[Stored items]
------------------------------------------------------------------------

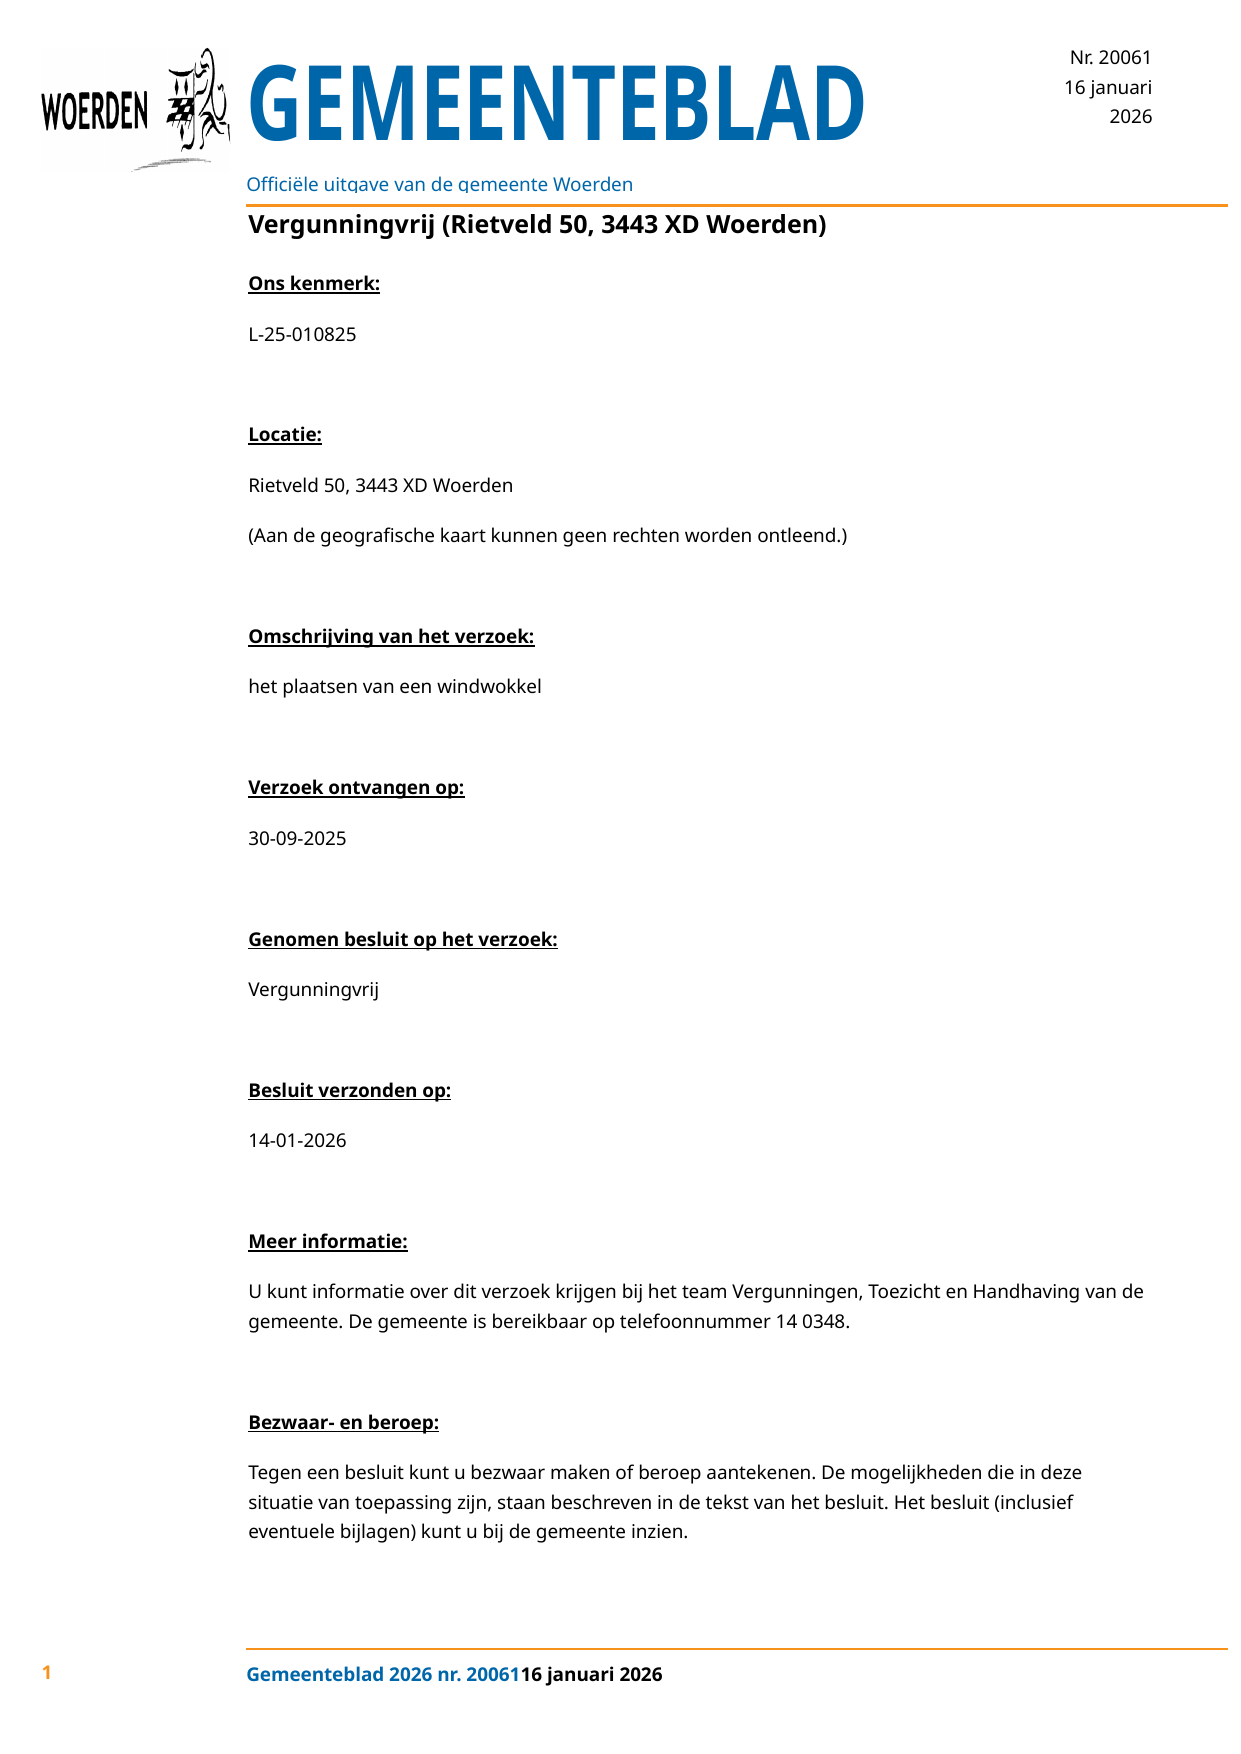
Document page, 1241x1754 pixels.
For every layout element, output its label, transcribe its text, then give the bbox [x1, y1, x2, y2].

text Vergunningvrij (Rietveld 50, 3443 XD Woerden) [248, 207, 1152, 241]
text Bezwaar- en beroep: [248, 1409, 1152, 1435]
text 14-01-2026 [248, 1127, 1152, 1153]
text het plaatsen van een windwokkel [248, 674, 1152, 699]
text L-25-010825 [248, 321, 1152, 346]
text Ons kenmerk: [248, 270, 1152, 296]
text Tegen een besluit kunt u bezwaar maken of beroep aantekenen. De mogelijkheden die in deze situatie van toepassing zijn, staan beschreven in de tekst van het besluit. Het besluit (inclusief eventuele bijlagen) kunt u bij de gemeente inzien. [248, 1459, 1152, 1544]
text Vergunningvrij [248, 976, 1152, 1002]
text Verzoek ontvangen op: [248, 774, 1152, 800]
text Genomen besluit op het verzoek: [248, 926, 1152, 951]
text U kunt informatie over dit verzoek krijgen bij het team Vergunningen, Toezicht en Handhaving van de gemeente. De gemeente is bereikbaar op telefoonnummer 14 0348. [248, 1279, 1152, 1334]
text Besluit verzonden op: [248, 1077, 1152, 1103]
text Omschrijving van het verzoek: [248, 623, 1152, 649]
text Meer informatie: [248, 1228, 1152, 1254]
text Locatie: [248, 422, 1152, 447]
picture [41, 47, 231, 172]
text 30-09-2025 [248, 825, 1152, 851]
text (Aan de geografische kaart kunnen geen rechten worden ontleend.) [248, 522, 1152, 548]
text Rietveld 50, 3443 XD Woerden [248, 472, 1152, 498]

------------------------------------------------------------------------

- _TASK ITEM_
Each of the lines from the one holding "text Genomen besluit" through the final line of the entries is to be set down exactly, and no others.

- _SOLUTION_
text Genomen besluit op het verzoek: [248, 926, 1152, 951]
text U kunt informatie over dit verzoek krijgen bij het team Vergunningen, Toezicht en Handhaving van de gemeente. De gemeente is bereikbaar op telefoonnummer 14 0348. [248, 1279, 1152, 1334]
text Besluit verzonden op: [248, 1077, 1152, 1103]
text Omschrijving van het verzoek: [248, 623, 1152, 649]
text Meer informatie: [248, 1228, 1152, 1254]
text Locatie: [248, 422, 1152, 447]
picture [41, 47, 231, 172]
text 30-09-2025 [248, 825, 1152, 851]
text (Aan de geografische kaart kunnen geen rechten worden ontleend.) [248, 522, 1152, 548]
text Rietveld 50, 3443 XD Woerden [248, 472, 1152, 498]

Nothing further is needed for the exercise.